DATA RECORDS

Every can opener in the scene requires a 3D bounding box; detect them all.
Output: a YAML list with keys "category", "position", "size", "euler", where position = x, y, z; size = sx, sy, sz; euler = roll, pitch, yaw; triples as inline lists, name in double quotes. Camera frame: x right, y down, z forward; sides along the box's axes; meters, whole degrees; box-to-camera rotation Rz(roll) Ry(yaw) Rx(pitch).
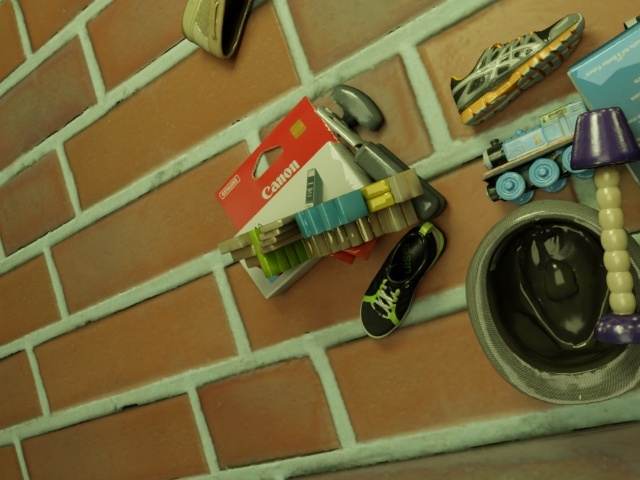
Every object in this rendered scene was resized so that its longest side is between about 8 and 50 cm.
- category: "can opener"
  position: [0.106, -0.156, 0.942]
  size: [0.283, 0.076, 0.095]
  euler: [44, 113, 18]

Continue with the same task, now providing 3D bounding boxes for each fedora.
- category: "fedora"
  position: [0.342, 0.079, 0.798]
  size: [0.244, 0.124, 0.275]
  euler: [-24, 82, 28]

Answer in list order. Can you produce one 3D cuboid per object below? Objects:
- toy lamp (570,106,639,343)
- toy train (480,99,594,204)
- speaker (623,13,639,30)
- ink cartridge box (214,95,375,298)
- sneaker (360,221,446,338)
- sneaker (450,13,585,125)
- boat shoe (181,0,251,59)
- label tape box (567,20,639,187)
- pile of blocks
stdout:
- category: "toy lamp"
  position: [0.349, -0.019, 0.673]
  size: [0.080, 0.080, 0.274]
  euler: [-5, 94, 30]
- category: "toy train"
  position: [0.323, -0.124, 0.824]
  size: [0.184, 0.080, 0.105]
  euler: [-24, 73, 31]
- category: "speaker"
  position: [0.479, -0.298, 0.734]
  size: [0.136, 0.055, 0.055]
  euler: [-24, 82, 29]
- category: "ink cartridge box"
  position: [-0.065, -0.080, 1.049]
  size: [0.296, 0.066, 0.261]
  euler: [-43, 75, 25]
- category: "sneaker"
  position: [0.121, 0.065, 0.936]
  size: [0.084, 0.097, 0.234]
  euler: [34, 109, 23]
- category: "sneaker"
  position: [0.284, -0.264, 0.832]
  size: [0.215, 0.084, 0.083]
  euler: [-35, 72, 28]
- category: "boat shoe"
  position: [-0.147, -0.509, 1.041]
  size: [0.110, 0.122, 0.341]
  euler: [37, 121, 17]
- category: "label tape box"
  position: [0.508, -0.139, 0.681]
  size: [0.249, 0.115, 0.347]
  euler: [-33, 94, 30]
- category: "pile of blocks"
  position: [0.000, 0.000, 0.901]
  size: [0.362, 0.149, 0.112]
  euler: [-20, 94, 29]

WHAT THE EXERCISE ASKS
Your response should hold the lines from the first line of the entries above through the line with "Output: a YAML", each retyped exactly, and nothing else.

RESPONSE AREA
Every can opener in the scene requires a 3D bounding box; detect them all.
Output: a YAML list with keys "category", "position", "size", "euler", where position = x, y, z; size = sx, sy, sz; euler = roll, pitch, yaw; triples as inline lists, name in double quotes. Camera frame: x right, y down, z forward; sides along the box's axes; meters, whole degrees; box-to-camera rotation Rz(roll) Ry(yaw) Rx(pitch).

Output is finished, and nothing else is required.